* _WORK ITEM_:
Please give back word for word the lines below, from the first one through the one with "apply to the</text>".
·····
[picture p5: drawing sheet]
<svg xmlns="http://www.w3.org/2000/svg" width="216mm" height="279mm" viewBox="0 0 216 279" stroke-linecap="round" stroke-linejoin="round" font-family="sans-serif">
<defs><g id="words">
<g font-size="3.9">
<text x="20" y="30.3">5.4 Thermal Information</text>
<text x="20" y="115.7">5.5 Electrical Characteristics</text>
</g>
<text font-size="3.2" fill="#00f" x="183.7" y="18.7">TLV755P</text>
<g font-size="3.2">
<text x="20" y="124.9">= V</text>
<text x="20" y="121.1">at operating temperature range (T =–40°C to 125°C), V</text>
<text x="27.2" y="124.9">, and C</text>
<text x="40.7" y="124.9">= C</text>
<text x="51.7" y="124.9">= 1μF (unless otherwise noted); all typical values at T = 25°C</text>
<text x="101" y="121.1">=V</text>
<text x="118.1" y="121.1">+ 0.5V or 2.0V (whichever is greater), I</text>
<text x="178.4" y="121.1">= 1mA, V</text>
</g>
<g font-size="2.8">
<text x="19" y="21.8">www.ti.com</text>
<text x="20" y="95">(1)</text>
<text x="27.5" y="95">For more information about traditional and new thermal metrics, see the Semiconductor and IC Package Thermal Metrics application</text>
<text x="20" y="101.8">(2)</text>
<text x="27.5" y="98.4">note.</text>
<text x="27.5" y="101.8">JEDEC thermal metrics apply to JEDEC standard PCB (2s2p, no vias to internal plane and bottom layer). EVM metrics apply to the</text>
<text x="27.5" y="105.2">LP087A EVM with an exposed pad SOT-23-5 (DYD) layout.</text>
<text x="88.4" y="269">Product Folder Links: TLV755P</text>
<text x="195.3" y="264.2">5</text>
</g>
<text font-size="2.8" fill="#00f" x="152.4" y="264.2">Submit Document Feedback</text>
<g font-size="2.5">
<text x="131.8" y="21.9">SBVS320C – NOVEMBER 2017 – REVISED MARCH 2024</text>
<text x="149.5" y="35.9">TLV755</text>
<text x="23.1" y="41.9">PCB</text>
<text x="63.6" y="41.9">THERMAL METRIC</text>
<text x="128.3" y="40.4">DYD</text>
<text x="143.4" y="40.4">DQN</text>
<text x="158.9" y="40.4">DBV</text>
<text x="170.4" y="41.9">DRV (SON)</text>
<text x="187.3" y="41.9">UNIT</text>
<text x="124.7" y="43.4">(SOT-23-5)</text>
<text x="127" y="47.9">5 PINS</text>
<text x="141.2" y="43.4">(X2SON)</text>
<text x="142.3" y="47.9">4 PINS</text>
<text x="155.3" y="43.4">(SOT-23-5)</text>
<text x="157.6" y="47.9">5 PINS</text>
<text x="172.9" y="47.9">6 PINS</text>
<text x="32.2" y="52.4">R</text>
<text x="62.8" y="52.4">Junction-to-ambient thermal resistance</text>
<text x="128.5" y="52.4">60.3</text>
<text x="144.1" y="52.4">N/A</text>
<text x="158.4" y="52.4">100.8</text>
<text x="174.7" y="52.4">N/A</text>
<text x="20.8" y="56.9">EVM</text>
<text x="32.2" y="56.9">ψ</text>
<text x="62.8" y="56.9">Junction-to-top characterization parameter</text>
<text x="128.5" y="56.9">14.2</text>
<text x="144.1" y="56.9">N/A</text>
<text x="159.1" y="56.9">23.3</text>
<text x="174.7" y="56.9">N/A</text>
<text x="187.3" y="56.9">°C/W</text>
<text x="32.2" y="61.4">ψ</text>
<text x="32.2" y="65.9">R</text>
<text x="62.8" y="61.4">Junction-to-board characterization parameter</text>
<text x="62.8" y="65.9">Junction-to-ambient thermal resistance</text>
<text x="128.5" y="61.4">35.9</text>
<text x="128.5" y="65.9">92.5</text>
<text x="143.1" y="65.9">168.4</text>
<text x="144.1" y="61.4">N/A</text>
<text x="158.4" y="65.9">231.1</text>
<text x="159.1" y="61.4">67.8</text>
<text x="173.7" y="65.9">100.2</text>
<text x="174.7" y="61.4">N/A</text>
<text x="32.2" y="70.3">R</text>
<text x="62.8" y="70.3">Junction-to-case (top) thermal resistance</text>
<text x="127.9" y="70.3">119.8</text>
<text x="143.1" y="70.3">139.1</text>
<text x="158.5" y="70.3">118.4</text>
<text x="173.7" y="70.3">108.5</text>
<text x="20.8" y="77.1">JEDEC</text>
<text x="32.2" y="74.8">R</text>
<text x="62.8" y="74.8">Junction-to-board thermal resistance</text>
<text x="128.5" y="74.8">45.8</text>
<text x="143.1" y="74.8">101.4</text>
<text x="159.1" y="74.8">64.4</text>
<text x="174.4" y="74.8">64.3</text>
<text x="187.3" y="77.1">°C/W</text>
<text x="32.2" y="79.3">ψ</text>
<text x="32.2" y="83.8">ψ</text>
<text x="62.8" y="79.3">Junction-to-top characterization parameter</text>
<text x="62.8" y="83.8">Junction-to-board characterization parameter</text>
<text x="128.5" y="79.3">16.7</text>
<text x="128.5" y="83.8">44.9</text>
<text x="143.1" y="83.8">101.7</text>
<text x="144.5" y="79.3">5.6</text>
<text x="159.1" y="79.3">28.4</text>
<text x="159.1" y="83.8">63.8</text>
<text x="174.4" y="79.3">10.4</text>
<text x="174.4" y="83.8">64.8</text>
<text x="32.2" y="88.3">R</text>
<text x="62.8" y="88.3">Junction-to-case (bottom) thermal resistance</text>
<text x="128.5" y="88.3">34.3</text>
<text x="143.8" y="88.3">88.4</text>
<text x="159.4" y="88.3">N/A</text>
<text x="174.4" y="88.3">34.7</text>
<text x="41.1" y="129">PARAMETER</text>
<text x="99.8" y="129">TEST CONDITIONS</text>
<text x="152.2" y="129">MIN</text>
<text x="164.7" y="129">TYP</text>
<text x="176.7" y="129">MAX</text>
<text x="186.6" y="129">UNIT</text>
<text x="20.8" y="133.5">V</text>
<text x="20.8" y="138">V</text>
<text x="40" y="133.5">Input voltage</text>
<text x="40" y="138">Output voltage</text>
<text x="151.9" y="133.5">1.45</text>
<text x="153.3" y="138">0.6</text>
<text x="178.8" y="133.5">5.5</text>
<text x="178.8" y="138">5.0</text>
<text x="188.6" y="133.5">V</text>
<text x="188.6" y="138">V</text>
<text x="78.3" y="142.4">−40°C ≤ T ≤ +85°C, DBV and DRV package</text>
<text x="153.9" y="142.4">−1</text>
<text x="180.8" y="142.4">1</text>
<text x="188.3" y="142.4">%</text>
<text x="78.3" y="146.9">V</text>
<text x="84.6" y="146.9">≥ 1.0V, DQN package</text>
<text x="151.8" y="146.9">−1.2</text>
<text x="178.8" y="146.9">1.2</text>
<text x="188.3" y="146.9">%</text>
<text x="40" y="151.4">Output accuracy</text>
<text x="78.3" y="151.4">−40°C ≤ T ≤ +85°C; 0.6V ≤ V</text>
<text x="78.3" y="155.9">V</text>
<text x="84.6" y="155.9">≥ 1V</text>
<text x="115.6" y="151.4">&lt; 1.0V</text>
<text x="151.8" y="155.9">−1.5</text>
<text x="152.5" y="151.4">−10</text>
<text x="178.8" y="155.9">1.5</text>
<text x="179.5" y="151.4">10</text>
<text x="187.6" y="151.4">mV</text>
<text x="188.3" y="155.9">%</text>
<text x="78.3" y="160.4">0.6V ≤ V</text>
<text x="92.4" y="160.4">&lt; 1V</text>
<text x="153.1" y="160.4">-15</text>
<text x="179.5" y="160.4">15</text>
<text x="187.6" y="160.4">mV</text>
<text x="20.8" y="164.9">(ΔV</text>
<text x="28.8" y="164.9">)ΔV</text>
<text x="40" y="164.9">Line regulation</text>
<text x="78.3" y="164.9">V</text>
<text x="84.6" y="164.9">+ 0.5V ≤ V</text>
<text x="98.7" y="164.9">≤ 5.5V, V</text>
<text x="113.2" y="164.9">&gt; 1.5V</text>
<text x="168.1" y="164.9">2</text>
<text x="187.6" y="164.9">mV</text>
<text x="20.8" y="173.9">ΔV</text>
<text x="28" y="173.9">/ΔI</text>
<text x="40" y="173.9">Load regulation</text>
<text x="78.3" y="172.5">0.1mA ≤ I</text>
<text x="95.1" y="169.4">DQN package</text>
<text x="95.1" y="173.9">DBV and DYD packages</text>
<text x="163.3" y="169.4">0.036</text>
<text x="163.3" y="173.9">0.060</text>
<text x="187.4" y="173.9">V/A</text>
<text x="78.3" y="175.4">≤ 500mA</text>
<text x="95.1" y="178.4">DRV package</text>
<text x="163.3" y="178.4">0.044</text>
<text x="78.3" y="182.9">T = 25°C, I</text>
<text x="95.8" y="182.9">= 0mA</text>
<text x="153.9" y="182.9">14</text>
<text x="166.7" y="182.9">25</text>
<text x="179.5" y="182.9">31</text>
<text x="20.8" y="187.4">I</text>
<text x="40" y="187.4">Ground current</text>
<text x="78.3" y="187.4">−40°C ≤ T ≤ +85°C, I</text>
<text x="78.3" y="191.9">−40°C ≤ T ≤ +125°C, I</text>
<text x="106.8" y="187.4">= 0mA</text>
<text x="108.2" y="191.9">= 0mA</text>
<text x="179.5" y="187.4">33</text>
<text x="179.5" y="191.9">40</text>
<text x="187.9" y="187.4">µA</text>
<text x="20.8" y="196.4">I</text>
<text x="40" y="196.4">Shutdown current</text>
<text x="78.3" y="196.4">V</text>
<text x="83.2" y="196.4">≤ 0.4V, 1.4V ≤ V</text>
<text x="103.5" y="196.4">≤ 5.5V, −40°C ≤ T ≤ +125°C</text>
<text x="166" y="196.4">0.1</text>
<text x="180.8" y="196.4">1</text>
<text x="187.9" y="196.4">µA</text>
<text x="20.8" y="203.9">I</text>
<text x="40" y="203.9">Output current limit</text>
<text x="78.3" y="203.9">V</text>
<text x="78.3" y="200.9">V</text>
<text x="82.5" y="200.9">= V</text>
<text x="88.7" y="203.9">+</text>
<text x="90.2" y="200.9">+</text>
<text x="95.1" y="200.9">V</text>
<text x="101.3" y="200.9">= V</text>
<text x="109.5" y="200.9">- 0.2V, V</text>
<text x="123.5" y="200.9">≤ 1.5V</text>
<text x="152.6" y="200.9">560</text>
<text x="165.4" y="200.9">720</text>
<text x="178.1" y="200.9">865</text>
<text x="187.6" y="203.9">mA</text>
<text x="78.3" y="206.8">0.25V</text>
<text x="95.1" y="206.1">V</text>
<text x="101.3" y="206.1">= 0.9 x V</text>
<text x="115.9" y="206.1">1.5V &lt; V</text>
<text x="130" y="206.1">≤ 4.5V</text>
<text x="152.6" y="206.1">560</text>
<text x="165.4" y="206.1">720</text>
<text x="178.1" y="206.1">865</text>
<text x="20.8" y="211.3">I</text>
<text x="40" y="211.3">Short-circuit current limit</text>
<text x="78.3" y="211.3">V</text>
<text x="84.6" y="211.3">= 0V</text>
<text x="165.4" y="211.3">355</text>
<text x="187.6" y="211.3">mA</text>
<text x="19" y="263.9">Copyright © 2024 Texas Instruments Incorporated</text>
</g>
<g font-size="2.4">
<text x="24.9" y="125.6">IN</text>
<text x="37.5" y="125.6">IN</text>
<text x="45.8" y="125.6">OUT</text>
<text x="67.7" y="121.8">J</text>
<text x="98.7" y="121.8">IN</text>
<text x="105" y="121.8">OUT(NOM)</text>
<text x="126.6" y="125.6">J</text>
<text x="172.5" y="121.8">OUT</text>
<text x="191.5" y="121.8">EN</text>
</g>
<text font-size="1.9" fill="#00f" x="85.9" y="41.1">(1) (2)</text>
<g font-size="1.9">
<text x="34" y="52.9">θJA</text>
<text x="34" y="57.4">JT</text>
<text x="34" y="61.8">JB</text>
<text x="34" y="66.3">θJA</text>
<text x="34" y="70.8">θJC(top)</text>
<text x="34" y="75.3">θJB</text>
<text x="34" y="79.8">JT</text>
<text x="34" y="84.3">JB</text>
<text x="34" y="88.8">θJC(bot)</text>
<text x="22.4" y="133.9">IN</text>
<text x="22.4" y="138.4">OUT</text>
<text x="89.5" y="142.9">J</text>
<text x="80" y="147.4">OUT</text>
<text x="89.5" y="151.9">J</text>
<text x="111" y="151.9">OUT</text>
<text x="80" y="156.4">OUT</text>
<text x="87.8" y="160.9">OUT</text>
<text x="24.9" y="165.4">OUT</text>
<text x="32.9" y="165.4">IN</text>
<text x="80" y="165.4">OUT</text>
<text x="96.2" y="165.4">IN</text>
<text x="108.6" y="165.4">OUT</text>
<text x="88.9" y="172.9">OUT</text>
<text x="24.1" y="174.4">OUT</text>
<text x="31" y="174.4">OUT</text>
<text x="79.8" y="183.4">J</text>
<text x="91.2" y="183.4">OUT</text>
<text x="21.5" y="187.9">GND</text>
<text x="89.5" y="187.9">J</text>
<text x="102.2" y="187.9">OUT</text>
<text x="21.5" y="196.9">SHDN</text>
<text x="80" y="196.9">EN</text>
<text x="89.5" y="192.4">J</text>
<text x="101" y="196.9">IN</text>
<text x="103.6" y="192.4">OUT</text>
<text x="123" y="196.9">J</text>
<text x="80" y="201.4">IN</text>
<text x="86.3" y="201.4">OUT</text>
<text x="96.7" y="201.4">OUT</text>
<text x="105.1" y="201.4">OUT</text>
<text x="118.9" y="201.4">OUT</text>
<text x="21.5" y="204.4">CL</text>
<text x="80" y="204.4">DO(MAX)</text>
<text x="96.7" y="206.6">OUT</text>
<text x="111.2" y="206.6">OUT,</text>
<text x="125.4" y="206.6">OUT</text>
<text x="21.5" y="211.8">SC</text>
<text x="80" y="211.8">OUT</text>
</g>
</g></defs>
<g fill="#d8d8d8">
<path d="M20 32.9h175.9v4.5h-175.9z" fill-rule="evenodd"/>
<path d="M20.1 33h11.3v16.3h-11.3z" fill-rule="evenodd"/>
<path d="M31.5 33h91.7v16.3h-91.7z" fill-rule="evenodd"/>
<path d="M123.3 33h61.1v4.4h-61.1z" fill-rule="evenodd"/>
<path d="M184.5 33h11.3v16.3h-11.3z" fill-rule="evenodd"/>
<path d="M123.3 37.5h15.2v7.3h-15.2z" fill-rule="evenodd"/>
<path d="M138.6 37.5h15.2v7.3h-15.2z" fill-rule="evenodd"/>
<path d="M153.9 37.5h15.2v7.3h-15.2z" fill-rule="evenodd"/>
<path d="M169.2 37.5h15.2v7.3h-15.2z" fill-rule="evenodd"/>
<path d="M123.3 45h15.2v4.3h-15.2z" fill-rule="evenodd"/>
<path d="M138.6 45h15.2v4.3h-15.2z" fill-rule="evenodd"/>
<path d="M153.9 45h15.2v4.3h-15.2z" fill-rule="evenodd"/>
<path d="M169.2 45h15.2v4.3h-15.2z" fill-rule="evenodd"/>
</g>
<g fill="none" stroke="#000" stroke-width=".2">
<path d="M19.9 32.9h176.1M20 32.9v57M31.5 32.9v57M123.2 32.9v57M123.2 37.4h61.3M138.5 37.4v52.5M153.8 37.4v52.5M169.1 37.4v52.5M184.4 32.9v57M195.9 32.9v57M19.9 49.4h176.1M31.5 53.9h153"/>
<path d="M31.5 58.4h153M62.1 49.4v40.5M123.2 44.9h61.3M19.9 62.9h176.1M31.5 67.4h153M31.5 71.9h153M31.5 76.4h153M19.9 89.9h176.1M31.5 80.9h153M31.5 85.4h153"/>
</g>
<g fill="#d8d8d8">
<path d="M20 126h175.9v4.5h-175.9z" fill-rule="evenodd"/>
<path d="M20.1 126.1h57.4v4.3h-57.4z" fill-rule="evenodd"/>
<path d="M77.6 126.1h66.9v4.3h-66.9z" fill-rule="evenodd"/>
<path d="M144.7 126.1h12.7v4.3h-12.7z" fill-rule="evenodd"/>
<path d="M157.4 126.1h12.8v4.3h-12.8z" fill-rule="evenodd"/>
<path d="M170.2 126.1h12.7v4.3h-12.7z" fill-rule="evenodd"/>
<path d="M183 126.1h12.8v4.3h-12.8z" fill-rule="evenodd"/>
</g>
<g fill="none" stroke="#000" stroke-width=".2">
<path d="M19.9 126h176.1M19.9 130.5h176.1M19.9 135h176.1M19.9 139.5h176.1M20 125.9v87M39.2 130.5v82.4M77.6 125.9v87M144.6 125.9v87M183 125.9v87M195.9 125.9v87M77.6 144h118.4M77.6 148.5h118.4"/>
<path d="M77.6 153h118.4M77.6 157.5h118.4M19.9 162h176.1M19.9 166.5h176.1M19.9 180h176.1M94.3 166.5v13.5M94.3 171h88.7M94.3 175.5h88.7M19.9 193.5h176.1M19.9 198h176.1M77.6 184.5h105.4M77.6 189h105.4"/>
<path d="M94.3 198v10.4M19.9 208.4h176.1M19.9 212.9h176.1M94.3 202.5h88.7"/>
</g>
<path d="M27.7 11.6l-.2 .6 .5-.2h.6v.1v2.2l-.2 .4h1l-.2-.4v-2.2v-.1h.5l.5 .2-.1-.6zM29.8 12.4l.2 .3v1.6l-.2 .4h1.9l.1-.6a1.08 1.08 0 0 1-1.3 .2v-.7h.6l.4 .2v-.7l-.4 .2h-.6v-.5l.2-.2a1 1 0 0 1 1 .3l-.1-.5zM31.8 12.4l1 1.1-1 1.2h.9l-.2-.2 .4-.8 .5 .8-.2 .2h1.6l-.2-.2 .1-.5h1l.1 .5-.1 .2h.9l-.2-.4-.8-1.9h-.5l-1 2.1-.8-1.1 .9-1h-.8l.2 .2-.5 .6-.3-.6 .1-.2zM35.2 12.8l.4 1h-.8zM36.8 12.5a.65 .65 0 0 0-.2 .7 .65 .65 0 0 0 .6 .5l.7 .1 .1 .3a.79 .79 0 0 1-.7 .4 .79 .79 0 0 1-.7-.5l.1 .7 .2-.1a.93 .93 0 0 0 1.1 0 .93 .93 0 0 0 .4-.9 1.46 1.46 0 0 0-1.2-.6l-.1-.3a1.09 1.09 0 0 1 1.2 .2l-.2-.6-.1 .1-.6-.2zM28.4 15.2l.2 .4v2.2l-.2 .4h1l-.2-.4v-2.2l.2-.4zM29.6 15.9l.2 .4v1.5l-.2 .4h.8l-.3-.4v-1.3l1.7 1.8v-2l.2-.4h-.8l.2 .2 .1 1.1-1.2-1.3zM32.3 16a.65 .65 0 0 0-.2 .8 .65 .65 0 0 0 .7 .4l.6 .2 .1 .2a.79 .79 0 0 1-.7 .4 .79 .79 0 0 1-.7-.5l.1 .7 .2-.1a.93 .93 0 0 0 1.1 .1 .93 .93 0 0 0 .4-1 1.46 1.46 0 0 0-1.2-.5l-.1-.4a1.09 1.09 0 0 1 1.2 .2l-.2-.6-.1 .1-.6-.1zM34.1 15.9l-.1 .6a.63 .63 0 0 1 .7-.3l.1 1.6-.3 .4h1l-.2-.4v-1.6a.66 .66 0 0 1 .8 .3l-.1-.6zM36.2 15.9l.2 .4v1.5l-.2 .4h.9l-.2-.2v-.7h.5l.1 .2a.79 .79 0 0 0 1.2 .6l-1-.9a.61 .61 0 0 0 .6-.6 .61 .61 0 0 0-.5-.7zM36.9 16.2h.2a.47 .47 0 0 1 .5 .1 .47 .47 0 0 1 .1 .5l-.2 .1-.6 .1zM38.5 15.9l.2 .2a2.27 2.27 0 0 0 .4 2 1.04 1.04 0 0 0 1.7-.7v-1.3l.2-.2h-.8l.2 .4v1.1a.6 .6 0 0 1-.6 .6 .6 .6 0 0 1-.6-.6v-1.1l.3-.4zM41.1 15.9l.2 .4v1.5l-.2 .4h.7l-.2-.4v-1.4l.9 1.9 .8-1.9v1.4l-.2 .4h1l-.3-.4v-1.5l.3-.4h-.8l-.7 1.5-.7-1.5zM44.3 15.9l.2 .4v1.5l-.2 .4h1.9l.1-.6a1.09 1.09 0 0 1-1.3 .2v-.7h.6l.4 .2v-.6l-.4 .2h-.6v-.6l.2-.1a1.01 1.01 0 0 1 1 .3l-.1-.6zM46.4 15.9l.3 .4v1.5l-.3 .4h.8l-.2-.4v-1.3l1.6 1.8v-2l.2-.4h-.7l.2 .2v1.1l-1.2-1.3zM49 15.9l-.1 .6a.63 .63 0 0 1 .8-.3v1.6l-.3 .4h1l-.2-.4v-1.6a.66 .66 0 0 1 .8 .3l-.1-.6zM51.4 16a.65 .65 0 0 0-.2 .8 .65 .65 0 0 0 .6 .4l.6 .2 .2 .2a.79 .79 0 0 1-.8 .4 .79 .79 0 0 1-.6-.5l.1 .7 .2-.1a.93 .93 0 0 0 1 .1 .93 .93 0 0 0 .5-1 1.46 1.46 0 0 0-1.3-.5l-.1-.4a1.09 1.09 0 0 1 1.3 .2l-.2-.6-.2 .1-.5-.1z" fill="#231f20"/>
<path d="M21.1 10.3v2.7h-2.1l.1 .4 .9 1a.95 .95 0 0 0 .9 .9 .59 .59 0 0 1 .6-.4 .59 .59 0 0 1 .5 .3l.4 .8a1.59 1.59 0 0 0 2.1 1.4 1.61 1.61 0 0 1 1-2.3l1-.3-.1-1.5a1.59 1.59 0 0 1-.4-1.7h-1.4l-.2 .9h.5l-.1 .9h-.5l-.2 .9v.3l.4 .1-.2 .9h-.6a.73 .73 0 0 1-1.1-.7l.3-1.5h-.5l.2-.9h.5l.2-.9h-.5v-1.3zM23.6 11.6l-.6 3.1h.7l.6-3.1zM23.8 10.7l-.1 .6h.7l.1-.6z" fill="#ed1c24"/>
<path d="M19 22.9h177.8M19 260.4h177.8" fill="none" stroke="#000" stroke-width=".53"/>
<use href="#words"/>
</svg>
·····
* _YOUR SOLUTION_:
[picture p5: drawing sheet]
<svg xmlns="http://www.w3.org/2000/svg" width="216mm" height="279mm" viewBox="0 0 216 279" stroke-linecap="round" stroke-linejoin="round" font-family="sans-serif">
<defs><g id="words">
<g font-size="3.9">
<text x="20" y="30.3">5.4 Thermal Information</text>
<text x="20" y="115.7">5.5 Electrical Characteristics</text>
</g>
<text font-size="3.2" fill="#00f" x="183.7" y="18.7">TLV755P</text>
<g font-size="3.2">
<text x="20" y="124.9">= V</text>
<text x="20" y="121.1">at operating temperature range (T =–40°C to 125°C), V</text>
<text x="27.2" y="124.9">, and C</text>
<text x="40.7" y="124.9">= C</text>
<text x="51.7" y="124.9">= 1μF (unless otherwise noted); all typical values at T = 25°C</text>
<text x="101" y="121.1">=V</text>
<text x="118.1" y="121.1">+ 0.5V or 2.0V (whichever is greater), I</text>
<text x="178.4" y="121.1">= 1mA, V</text>
</g>
<g font-size="2.8">
<text x="19" y="21.8">www.ti.com</text>
<text x="20" y="95">(1)</text>
<text x="27.5" y="95">For more information about traditional and new thermal metrics, see the Semiconductor and IC Package Thermal Metrics application</text>
<text x="20" y="101.8">(2)</text>
<text x="27.5" y="98.4">note.</text>
<text x="27.5" y="101.8">JEDEC thermal metrics apply to JEDEC standard PCB (2s2p, no vias to internal plane and bottom layer). EVM metrics apply to the</text>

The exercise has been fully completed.